EXERCISE » Take every line from the listing below that contains "lidar".

DATA »
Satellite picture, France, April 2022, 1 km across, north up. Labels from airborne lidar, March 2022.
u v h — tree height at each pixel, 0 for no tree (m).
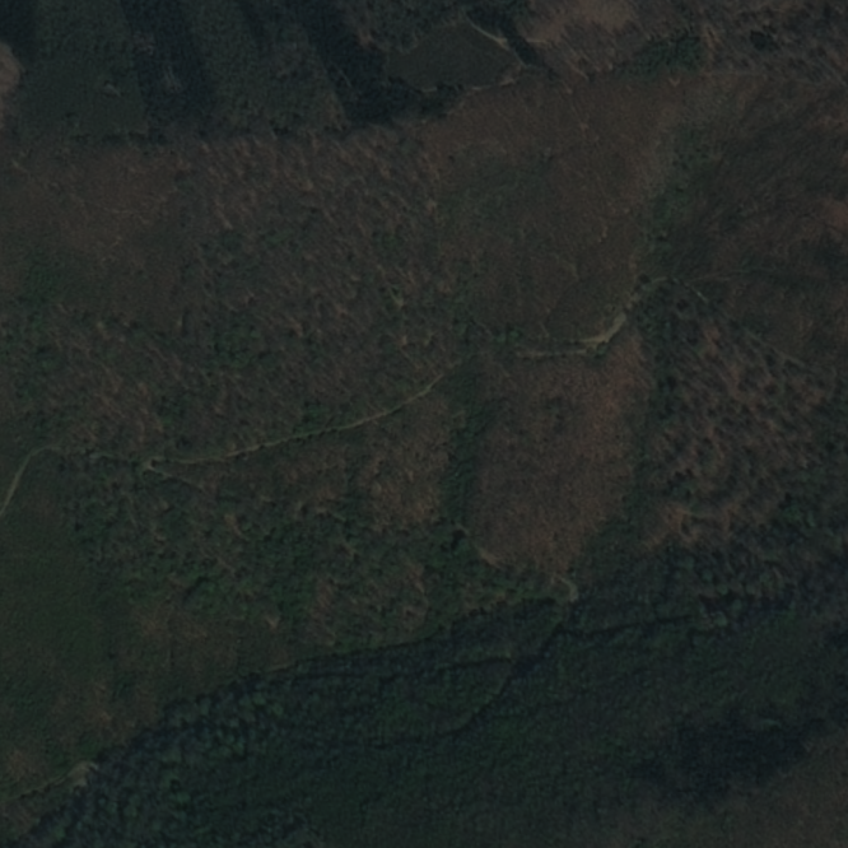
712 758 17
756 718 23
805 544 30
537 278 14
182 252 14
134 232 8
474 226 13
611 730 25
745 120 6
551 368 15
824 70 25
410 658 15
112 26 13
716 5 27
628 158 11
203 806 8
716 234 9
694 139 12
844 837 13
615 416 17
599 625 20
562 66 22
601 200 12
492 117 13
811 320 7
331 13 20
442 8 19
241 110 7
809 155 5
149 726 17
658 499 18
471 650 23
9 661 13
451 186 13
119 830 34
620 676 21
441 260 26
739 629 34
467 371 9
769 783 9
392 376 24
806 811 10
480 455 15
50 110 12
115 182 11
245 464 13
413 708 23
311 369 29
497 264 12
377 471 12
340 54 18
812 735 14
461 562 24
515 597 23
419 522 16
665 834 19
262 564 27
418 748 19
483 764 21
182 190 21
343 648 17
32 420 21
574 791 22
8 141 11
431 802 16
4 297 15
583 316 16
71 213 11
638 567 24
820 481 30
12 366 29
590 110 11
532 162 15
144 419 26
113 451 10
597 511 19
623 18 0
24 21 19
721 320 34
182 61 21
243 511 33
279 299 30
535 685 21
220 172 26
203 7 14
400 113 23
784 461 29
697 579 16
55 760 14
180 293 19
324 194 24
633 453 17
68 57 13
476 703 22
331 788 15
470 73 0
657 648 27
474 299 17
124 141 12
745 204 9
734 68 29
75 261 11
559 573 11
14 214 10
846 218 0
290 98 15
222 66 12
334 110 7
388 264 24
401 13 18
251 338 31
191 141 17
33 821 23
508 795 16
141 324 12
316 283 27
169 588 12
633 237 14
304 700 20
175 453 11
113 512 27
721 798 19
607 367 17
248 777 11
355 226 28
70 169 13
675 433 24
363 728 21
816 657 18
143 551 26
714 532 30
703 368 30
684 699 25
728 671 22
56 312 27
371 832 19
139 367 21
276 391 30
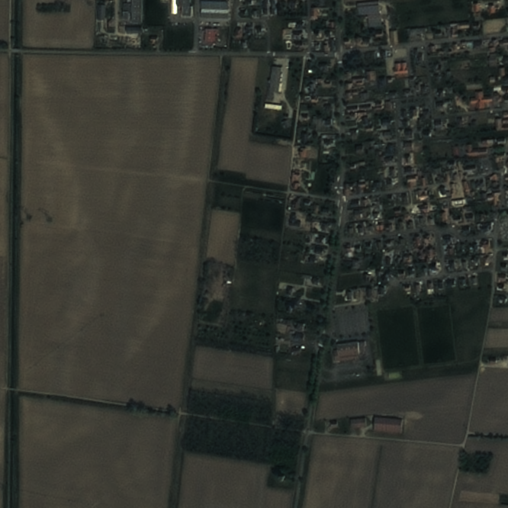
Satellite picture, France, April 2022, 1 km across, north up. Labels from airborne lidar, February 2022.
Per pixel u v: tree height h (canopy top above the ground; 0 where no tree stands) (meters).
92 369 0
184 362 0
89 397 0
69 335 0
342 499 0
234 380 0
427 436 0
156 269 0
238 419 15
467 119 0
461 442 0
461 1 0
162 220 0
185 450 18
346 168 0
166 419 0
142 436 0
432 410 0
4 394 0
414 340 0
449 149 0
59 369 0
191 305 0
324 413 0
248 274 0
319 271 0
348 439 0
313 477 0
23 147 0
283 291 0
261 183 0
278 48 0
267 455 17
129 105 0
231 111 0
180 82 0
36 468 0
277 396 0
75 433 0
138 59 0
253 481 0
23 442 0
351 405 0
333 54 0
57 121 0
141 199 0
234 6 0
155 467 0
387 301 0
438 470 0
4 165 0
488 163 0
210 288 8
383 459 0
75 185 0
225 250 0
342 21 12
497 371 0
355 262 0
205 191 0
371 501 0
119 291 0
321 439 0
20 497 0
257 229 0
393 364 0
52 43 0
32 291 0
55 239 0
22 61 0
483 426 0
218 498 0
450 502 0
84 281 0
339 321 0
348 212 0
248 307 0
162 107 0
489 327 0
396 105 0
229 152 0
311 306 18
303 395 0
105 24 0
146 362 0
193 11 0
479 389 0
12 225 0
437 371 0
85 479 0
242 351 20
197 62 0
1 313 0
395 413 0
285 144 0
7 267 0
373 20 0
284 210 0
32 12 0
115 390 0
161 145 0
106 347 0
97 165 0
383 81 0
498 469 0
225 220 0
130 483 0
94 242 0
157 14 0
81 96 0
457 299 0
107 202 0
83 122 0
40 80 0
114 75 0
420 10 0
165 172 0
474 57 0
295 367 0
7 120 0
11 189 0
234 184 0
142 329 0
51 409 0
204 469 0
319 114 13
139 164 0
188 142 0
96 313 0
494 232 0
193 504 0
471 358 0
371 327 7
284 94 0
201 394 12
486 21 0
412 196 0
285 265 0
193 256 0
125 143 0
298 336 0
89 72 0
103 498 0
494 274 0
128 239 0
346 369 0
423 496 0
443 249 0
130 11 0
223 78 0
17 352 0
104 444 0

--

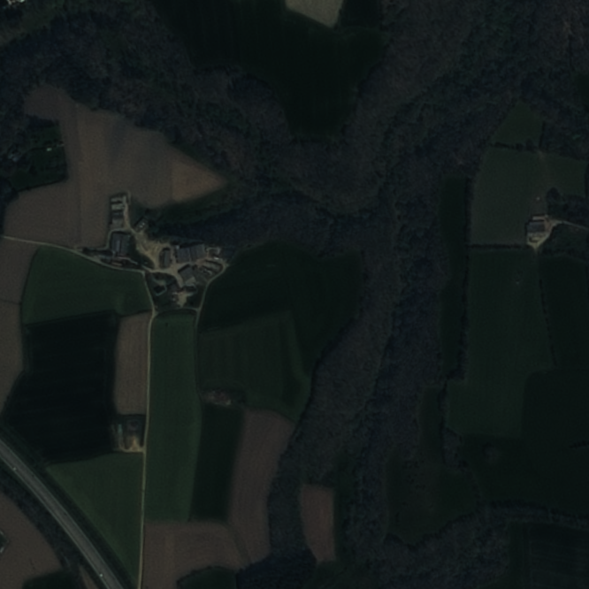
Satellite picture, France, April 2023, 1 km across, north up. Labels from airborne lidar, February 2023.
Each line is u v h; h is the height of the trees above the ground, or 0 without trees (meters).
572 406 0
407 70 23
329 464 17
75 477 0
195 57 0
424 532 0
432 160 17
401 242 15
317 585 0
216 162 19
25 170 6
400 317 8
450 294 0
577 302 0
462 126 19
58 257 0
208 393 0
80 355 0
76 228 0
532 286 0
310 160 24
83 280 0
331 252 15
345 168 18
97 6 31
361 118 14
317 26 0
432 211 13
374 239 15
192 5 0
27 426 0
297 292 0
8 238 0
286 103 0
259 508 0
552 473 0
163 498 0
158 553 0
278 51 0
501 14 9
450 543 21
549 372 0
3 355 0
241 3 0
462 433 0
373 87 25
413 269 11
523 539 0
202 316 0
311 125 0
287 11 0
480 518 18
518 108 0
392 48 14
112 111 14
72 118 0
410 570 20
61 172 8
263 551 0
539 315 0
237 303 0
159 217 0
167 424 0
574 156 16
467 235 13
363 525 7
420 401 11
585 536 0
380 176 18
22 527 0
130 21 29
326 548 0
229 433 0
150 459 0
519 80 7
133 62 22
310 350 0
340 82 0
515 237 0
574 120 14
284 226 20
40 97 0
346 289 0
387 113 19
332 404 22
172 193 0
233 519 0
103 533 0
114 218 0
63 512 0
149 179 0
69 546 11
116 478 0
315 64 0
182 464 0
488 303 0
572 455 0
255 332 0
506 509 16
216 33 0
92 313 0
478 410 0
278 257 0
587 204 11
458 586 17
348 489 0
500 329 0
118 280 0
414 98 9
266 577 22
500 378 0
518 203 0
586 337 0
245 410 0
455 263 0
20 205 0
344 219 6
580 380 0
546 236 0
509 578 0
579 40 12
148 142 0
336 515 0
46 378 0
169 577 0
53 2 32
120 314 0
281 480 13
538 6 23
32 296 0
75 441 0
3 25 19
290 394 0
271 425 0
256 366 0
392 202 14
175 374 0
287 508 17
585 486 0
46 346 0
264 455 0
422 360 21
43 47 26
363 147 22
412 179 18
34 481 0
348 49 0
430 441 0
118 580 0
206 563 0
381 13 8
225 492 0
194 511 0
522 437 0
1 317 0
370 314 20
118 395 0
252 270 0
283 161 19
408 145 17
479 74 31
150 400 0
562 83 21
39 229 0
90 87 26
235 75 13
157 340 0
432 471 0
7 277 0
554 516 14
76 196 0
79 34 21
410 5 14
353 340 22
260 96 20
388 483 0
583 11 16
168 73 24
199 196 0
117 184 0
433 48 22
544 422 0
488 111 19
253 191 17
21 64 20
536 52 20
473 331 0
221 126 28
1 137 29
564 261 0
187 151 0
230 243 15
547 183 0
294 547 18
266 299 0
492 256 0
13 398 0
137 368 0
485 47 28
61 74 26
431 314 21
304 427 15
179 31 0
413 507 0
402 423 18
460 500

SOLUTION FOR THIS EXERCISE »
Satellite picture, France, April 2022, 1 km across, north up. Labels from airborne lidar, March 2022.
Satellite picture, France, April 2022, 1 km across, north up. Labels from airborne lidar, February 2022.
Satellite picture, France, April 2023, 1 km across, north up. Labels from airborne lidar, February 2023.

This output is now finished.